Sunday, November 4, 2012

Light Fiesta Casserole Lunch Recipe

Today is Sunday, it is a day that I start with worship time in the morning and fellowship with my church family. It is also the first day of the week, and that includes prepping my meals for the week. My meals for the week are similar from week to week when it comes to lunch, the reason being it is easy to reheat or if I am on the road, eat cold from my cooler, it may not sound appetizing eating a cold lunch that is intended to be hot, but my end goal is nourishing my body in a timely matter.  When preparing my lunches for the week, I go with a lean ground poultry meat, whether it is chicken or turkey, no preference, I just go with what is available in the stores. I am careful to choose the leanest option, check the back nutrition label to be sure, one time I did not check and it was 8 grams of fat per serving! I want the fat in my food to come from primarily monousaturated fat in sources such as almonds, flax oil and avocados. I also incorporate a vegetable for my lunch which is either green beans, spinach (or both) along with a complex carb or starch such as brown rice or half a sweet potato. I divide the cooked lean meat into 4-5 servings along with the rice and veggie and voila! I have my meals made for the week.
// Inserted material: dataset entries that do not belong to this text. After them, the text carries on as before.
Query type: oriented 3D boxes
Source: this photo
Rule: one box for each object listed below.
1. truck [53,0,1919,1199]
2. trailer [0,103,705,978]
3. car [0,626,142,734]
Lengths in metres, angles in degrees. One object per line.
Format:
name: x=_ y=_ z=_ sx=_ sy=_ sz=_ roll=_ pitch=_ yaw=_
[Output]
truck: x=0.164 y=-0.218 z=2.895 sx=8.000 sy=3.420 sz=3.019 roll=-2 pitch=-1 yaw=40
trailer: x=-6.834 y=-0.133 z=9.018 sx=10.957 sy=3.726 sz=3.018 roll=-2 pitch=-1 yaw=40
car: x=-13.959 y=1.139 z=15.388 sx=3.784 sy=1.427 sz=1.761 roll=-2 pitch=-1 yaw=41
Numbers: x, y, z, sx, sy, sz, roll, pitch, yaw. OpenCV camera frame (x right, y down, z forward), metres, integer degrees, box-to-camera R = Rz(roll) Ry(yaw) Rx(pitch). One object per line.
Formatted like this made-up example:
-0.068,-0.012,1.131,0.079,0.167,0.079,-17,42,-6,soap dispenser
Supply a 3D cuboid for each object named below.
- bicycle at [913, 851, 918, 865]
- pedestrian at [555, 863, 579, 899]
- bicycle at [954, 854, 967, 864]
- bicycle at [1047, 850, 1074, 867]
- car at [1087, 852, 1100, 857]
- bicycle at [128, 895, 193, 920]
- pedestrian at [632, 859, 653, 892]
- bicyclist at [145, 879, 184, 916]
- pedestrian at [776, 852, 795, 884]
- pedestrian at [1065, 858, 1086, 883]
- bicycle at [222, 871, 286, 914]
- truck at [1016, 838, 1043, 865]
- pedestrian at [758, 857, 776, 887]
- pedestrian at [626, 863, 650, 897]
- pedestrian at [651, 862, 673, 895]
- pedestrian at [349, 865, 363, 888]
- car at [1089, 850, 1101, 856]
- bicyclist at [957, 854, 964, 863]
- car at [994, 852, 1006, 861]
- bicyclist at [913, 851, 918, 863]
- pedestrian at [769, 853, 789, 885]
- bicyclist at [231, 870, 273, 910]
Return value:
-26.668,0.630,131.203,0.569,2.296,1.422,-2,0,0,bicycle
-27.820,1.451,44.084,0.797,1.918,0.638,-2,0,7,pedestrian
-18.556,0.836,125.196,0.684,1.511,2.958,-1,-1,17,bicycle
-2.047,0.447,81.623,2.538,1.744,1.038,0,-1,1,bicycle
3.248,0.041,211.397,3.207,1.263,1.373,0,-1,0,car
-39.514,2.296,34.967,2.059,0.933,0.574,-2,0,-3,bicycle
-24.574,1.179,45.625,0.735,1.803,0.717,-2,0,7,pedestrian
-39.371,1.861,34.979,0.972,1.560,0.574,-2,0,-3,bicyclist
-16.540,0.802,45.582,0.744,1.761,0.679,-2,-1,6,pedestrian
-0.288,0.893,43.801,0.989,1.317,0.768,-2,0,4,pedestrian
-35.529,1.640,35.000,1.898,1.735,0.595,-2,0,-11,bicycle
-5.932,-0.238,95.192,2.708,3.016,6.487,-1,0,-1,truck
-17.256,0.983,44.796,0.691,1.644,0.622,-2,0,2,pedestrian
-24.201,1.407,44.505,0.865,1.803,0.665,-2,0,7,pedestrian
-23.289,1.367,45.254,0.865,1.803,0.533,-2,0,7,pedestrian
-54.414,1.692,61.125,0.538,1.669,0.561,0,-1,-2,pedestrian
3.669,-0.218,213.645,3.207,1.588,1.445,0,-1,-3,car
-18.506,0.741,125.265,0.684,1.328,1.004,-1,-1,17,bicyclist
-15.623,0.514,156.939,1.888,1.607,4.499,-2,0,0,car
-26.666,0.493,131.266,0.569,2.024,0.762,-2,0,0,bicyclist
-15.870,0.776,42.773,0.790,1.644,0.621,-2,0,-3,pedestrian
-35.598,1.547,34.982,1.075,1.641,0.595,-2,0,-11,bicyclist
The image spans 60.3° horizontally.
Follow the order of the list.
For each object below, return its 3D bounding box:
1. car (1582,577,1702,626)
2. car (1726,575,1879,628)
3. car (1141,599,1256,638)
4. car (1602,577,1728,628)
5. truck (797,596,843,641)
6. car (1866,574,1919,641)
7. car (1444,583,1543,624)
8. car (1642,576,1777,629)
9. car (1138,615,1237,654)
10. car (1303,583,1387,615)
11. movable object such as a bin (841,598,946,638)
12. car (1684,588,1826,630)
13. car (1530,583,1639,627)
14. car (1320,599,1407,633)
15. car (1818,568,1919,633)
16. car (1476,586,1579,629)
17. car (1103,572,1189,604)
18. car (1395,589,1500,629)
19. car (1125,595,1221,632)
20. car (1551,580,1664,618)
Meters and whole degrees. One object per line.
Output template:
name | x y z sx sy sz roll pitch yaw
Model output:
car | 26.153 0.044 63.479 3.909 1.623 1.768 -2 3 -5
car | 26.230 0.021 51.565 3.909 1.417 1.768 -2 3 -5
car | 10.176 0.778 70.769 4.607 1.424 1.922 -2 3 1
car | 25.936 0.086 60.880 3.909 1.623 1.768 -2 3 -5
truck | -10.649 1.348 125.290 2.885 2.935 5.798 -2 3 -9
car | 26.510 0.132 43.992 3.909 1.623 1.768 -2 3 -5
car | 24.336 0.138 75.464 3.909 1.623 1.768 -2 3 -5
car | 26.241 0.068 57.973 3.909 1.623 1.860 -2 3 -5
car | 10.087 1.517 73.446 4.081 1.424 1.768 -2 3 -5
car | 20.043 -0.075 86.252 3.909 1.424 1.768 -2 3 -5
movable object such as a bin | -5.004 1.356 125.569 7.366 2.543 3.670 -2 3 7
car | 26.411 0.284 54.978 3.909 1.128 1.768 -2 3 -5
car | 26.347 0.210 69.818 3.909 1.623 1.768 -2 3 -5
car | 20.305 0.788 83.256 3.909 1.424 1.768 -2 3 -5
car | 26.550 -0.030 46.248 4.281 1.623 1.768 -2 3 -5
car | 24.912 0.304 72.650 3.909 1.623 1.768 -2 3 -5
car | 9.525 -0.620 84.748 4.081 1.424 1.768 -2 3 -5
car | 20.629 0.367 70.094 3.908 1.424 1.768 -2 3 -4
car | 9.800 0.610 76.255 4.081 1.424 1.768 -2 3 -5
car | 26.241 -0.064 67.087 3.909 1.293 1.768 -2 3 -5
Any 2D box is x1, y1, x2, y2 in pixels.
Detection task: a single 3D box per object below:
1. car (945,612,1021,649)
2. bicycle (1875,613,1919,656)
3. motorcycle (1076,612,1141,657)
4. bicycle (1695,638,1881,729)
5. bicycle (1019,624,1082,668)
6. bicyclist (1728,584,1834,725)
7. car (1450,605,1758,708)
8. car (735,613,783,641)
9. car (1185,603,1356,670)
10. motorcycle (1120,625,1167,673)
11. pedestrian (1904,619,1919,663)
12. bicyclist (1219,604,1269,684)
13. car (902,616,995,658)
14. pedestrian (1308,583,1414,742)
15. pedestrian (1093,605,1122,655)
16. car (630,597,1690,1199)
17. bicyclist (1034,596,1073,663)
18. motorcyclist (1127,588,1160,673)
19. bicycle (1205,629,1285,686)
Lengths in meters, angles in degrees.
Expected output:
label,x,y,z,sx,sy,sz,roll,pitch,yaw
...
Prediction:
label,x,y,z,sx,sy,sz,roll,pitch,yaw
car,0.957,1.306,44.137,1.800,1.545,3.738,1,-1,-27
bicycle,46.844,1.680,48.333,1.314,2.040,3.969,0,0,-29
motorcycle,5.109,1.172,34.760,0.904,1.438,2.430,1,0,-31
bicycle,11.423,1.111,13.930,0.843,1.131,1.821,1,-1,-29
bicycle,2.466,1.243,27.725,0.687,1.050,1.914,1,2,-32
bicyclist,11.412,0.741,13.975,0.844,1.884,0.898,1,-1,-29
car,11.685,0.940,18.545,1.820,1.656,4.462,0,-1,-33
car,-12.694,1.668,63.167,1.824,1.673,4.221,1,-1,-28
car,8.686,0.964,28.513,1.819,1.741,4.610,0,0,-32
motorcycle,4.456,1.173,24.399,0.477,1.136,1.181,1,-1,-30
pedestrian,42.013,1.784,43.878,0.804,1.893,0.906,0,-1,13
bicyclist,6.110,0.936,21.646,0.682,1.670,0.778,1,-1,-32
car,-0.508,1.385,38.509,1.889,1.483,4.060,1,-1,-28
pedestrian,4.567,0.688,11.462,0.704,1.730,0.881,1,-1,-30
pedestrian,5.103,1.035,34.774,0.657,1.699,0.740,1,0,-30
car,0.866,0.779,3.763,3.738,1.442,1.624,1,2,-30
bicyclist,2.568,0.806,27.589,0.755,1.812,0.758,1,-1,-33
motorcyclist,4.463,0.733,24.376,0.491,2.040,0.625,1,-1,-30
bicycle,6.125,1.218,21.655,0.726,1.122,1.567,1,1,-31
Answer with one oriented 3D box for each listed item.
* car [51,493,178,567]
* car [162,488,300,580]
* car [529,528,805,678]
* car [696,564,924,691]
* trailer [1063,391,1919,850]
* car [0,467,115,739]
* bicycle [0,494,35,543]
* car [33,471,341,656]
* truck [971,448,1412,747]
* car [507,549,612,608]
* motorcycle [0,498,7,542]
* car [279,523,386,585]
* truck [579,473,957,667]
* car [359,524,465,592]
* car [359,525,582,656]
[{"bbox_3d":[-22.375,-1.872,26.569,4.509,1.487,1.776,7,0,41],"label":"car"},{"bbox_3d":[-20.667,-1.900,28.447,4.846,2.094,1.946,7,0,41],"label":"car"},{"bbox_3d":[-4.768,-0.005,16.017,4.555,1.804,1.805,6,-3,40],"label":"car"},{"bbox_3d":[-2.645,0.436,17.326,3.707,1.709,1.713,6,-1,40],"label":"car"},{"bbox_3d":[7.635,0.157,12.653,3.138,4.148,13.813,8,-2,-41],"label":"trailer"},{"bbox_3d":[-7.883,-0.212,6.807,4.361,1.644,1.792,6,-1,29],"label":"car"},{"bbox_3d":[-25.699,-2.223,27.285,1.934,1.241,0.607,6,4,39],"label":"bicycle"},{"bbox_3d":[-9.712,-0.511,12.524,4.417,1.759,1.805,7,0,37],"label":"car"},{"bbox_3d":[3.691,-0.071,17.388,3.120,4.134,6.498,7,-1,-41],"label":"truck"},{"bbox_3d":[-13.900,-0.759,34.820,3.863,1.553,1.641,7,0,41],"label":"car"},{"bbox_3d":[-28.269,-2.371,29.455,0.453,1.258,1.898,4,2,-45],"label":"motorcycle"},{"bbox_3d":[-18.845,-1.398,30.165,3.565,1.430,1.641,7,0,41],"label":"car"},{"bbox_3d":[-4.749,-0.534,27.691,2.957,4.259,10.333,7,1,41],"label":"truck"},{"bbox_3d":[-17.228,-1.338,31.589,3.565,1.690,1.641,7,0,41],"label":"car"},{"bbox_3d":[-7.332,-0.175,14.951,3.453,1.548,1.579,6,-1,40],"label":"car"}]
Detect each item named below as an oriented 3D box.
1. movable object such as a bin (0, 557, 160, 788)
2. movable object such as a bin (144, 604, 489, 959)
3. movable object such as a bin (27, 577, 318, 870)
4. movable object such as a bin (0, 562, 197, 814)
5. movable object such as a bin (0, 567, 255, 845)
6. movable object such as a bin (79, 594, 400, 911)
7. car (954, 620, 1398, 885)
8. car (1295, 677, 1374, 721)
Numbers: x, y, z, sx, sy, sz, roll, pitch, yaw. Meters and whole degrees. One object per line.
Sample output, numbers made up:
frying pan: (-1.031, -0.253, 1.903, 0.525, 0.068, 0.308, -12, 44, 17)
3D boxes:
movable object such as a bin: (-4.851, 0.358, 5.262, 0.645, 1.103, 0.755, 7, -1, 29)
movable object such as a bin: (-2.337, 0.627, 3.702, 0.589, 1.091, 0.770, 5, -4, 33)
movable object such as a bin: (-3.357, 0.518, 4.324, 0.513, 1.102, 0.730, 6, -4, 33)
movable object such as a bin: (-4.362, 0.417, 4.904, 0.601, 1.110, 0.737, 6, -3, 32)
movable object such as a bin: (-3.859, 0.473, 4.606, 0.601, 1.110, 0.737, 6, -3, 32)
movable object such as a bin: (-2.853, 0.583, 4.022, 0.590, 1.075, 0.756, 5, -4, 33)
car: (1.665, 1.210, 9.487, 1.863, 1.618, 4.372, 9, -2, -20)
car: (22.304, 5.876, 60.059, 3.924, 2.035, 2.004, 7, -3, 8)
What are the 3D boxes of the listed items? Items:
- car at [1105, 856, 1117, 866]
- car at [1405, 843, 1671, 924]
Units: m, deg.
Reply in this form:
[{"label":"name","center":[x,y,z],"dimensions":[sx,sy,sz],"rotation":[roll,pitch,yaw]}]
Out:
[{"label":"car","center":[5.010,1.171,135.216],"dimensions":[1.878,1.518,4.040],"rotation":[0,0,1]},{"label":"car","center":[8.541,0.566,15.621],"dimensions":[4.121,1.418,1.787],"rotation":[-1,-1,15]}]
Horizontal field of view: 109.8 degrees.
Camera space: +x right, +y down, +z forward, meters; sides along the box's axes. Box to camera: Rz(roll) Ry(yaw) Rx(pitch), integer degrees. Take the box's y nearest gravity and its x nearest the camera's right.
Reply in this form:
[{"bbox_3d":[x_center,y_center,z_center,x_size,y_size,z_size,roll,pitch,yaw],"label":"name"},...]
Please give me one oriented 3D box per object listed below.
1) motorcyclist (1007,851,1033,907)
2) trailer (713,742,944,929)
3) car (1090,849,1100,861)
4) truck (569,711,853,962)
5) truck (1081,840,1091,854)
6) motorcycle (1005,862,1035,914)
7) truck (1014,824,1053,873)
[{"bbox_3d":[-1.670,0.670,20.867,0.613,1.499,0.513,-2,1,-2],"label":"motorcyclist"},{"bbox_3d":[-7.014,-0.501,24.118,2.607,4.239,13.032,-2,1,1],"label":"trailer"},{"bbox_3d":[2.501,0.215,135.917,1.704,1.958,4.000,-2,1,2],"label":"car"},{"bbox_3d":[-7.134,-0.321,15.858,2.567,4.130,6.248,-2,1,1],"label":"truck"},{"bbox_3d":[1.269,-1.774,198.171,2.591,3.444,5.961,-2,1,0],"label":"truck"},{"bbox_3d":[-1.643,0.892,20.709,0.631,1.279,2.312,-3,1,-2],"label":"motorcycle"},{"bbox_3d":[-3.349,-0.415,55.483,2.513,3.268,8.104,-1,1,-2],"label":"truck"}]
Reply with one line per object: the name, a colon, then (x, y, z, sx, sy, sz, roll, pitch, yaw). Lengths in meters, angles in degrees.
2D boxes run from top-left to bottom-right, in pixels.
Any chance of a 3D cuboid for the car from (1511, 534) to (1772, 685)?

So this week, I was making a casserole for a church potluck and decided to make a healthier version (it wasn't unhealthy to begin with, I swapped out a leaner meat, brown rice instead of white, and greek yogurt instead of sour cream) for my own lunches during the week. I usually go through my fridge and try to use up any veggies that need to be used and incorporate those for the week. I had some organic baby spinach that I needed to use up so that is included in this recipe but is completely optional.

I made what tasted like a stuffed pepper without the pepper "shell."

Light Fiesta Casserole Lunch

1 whole red or green pepper, chopped
1 red onion, chopped
2 cups of fresh baby spinach, roughly chopped
1 lb Ground chicken or turkey breast
1 can diced tomatoes with liquid
1/2 t. Oregano
1/2 t. Cumin
Salt and Pepper to taste
Garlic powder
1/4 cup Grana Padano cheese (or fresh parmesan)
2 cups brown rice, cooked as directed
1/2 cup Greek yogurt


Preheat oven to 350 degrees. In a saute pan, pour a small amount of olive oil in the pan over medium heat. Add onions and peppers and saute in oil for a few minutes. Add baby spinach to pepper and onion mixture, stir until spinach wilts. Add ground poultry to pan and brown meat until cooked. Add seasonings and can of diced tomatoes and thier juice. In a separate bowl, mix greek yogurt with cooked rice, set aside. In a 9 X 13 pan, spread rice mixture on bottom of pan, pour contents of saute pan over rice and sprinkle with cheese. Place pan uncovered in preheated oven for 30 minutes and cheese is melted. Makes 6 servings. For make-ahead lunches, place in 6 individual glass containers for easy reheating. Serve with small spinach salad or cup of steamed or roasted vegetables such as broccoli or asparagus.